37 chapitres, 107 sous-chapitres, 720 pages, le tout imprimé en petite police : Éric Marchal est un auteur qui aime laisse courir la plume pour composer une belle épopée. Il faudra donc accepter de consacrer un certain temps à cette lecture pour l'apprécier.
Le roman s'étend sur les années 1863-1889 en proposant également quelques intermèdes qui se déroulent en 1918 alors que la Grande Guerre et la grippe espagnole sévissaient encore. Il s'intéresse aux progrès de la science et plus particulièrement aux avancées les plus spectaculaires. Pour cela il va croiser les destins des familles Eiffel et Delhorme ce qui permettra de mêler à une fiction inspirée certains épisodes historiques. Pour cette raison, il va être difficile de parler de roman historique.
Les aventures du clan Delhorme sont les plus intéressantes. Celles-ci se déroulent entre Grenade, le palais de l'Alhambra et
Paris.
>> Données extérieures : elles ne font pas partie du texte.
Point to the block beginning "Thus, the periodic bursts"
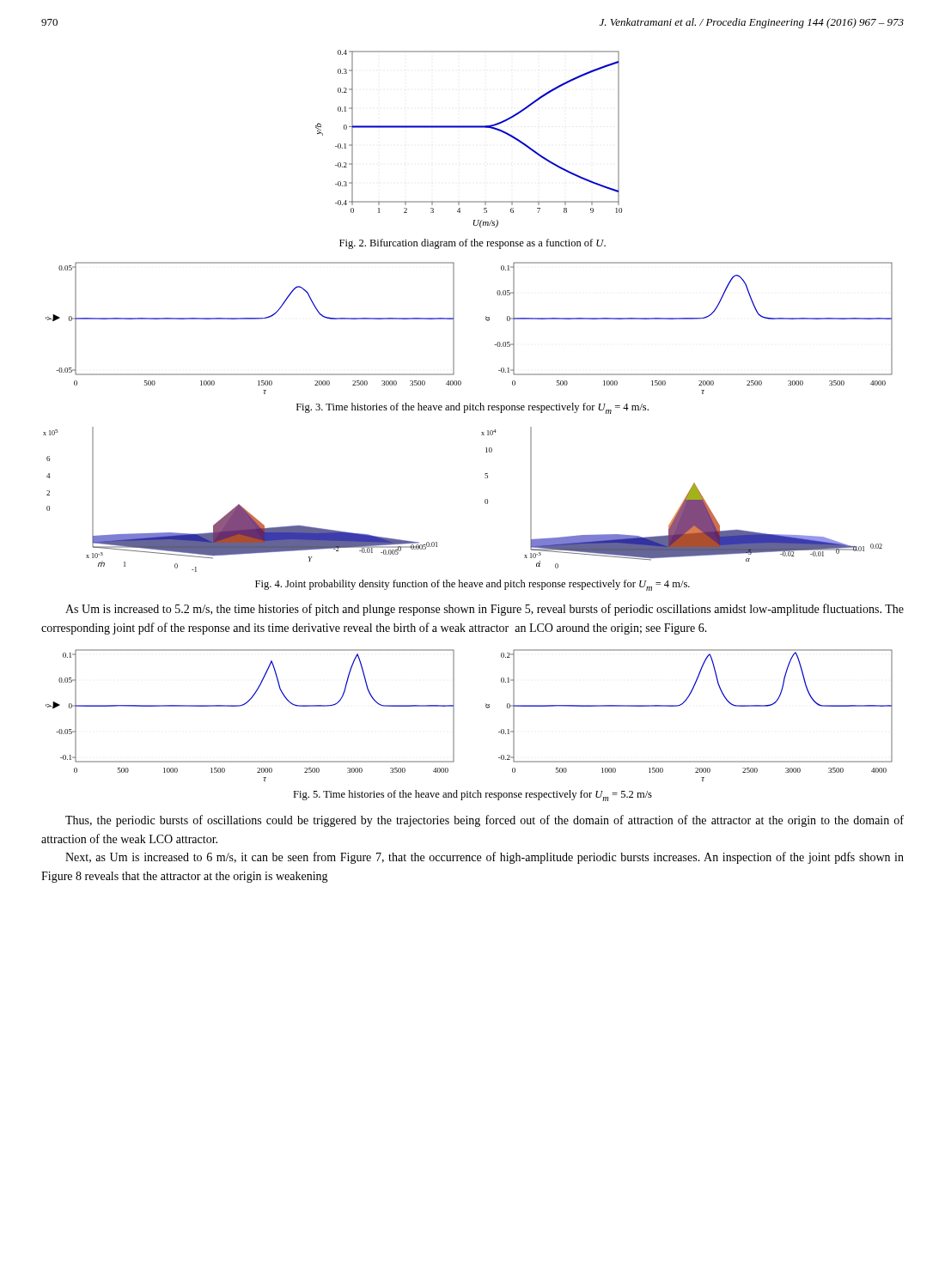 pyautogui.click(x=472, y=830)

Chaque membre de la famille est intéressant à suivre : Clément le météorologue-aérostatier, Alicia la restauratrice et leurs enfants : l'énigmatique Nyssia, l'étrange Irving et Victoria. Il faudra encore penser à Javier,
Jezequel, Mateo, Kalia, les Pinilla et le sinistre Tête-de-rat. Bref, la galerie des personnages est tout aussi intéressante que les aventures qu'ils vivent que l'environnement.
Pour ce qui concerne
Gustave Eiffel, sa fille et ses principaux collaborateurs, les choses sont un peu différentes. Certes, il est intéressant de suivre leurs pérégrinations, mais elles passent au second plan. L'on ne peut que s'imaginer être spectateur des chantiers du pont Maria Pia, de la Statue de la liberté ou encore de la Tour mais celles-ci manquent d'exotisme. le premier chantier retient davantage l'attention et le second bénéficie de la visite d'un invité de marque. Seule la Tour semble délaissée au profit des intrigues secondaires.
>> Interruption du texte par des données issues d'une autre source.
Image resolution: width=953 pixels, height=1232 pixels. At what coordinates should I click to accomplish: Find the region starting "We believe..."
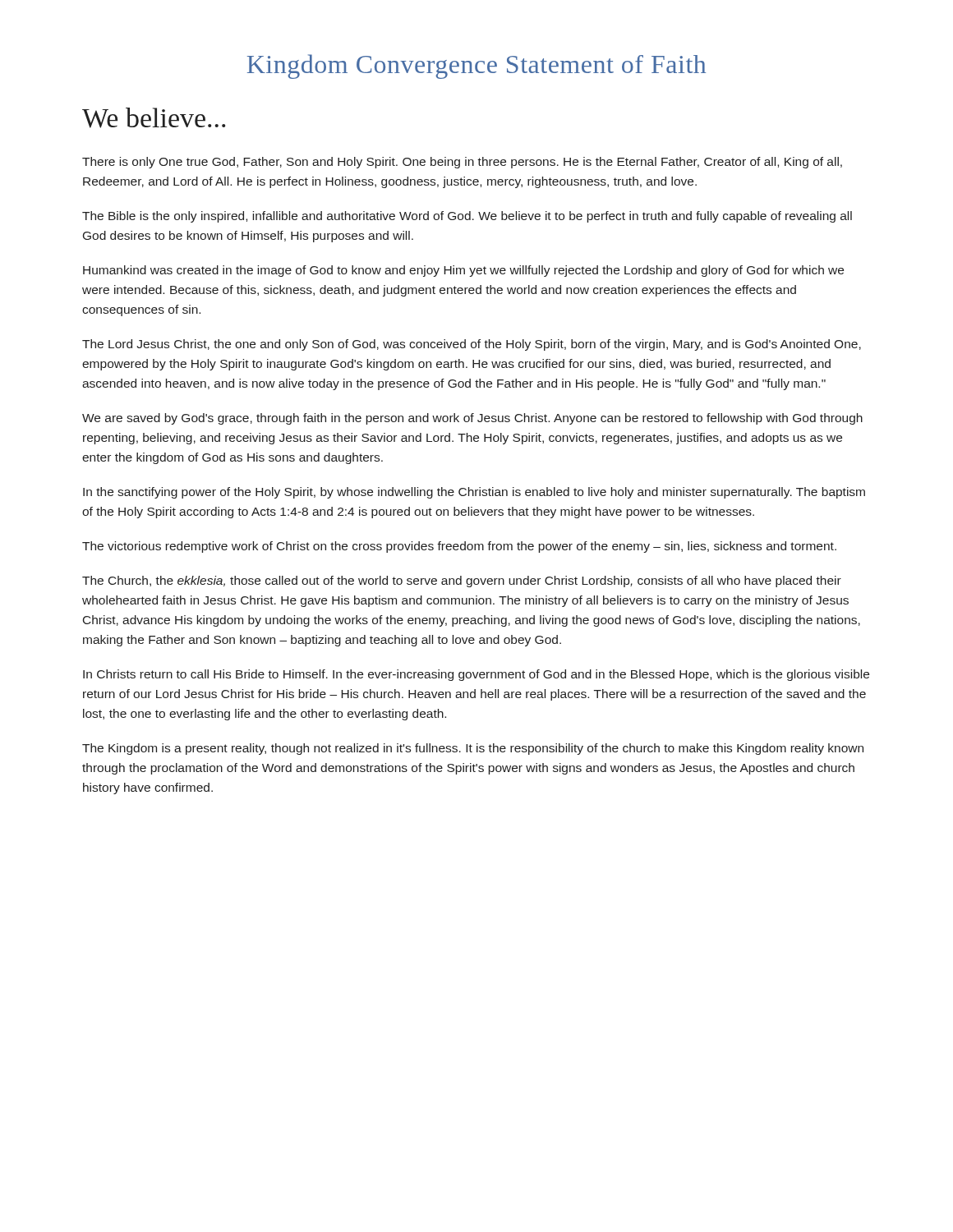(155, 118)

Les hommages rendus ici sont nombreux. L'auteur vénère un certain nombre d'auteurs bien connus (Hugo,
Zola, Irving, Verne) et s'appuie sur une bibliographique impressionnante. Ce travail de précision se retrouve d'ailleurs dans son roman. Il honore également les visionnaires (Eiffel et Bartholdi) sans oublier les pionniers de la photographie, de la médecine moderne, de la science non professionnelle, de la météorologie, de l'aviation. Il évoque souvent l'Alhambra, ce qui fait de cette lecture un complément nécessaire à la visite de ce monument. Inversement l'envie de visite le monument viendra tout naturellement.
Malgré l'épaisseur du roman, il est assez surprenant de constater qu'il faudra composer avec des ellipses assez frustrantes. A plusieurs reprises, l'auteur nous laisse en plan n'expliquant pas le devenir de certains de ses personnages. le chantier de la Statue de la liberté donne l'impression d'avoir été sacrifié au profit de celui de la Tour, qui étrangement semble bénéficier de moins d'attentions que celui du pont Maria Pia.
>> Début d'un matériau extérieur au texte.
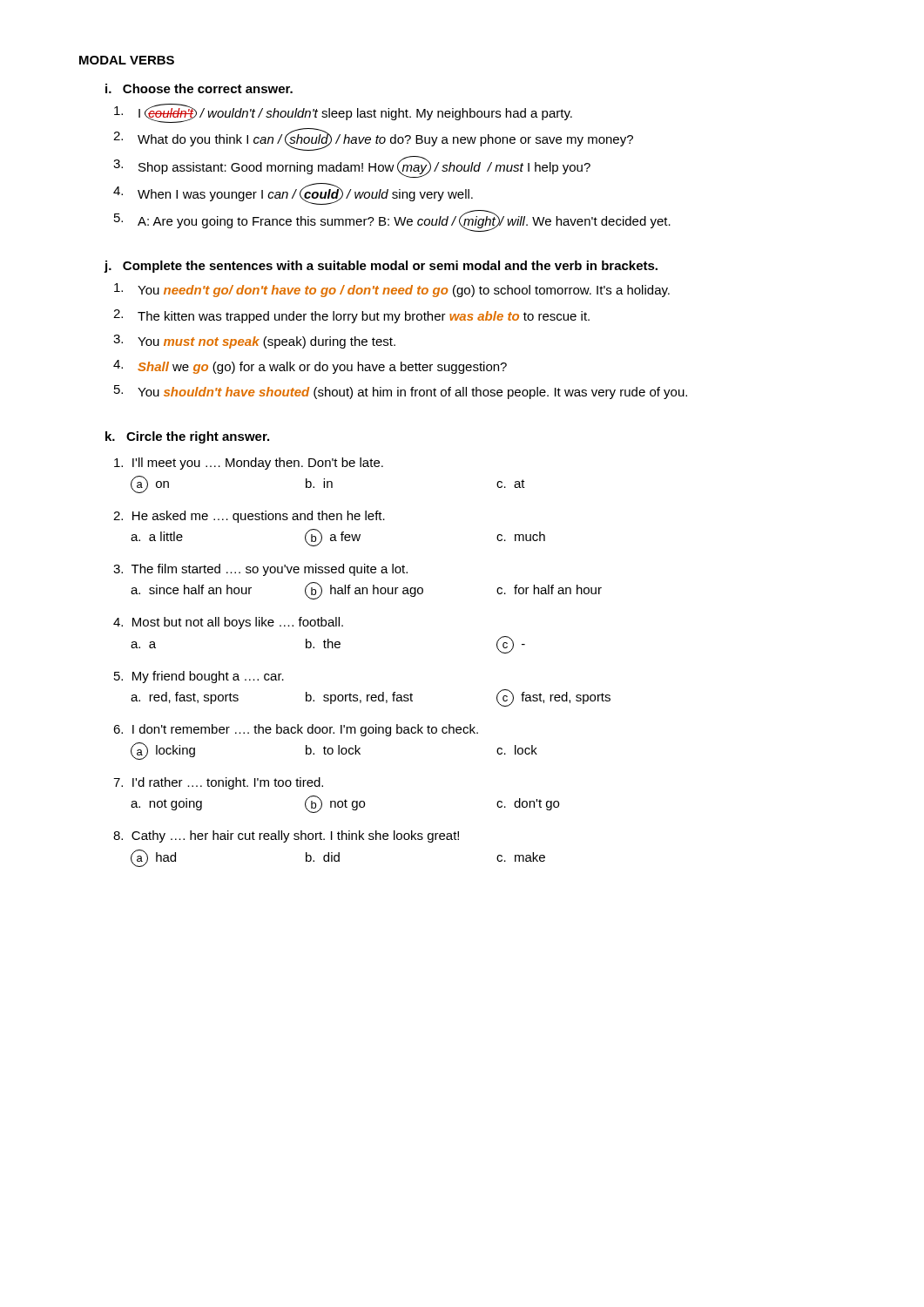Viewport: 924px width, 1307px height.
Task: Point to the passage starting "I couldn't / wouldn't / shouldn't"
Action: coord(479,113)

Il n‘en demeure pas moins que ce roman est une grande réussite. Il est long certes, mais il est difficile de le laisser tomber pour passer à autre chose. Cette épopée ressemble à un feuilleton de l'été que l'on suit avec plaisir. S'il n'y a pas cette étincelle de génie que l'on retrouve dans
le soleil sous la soie,
Eric Marchal a toutefois composé ici une belle et grande odyssée de la science moderne.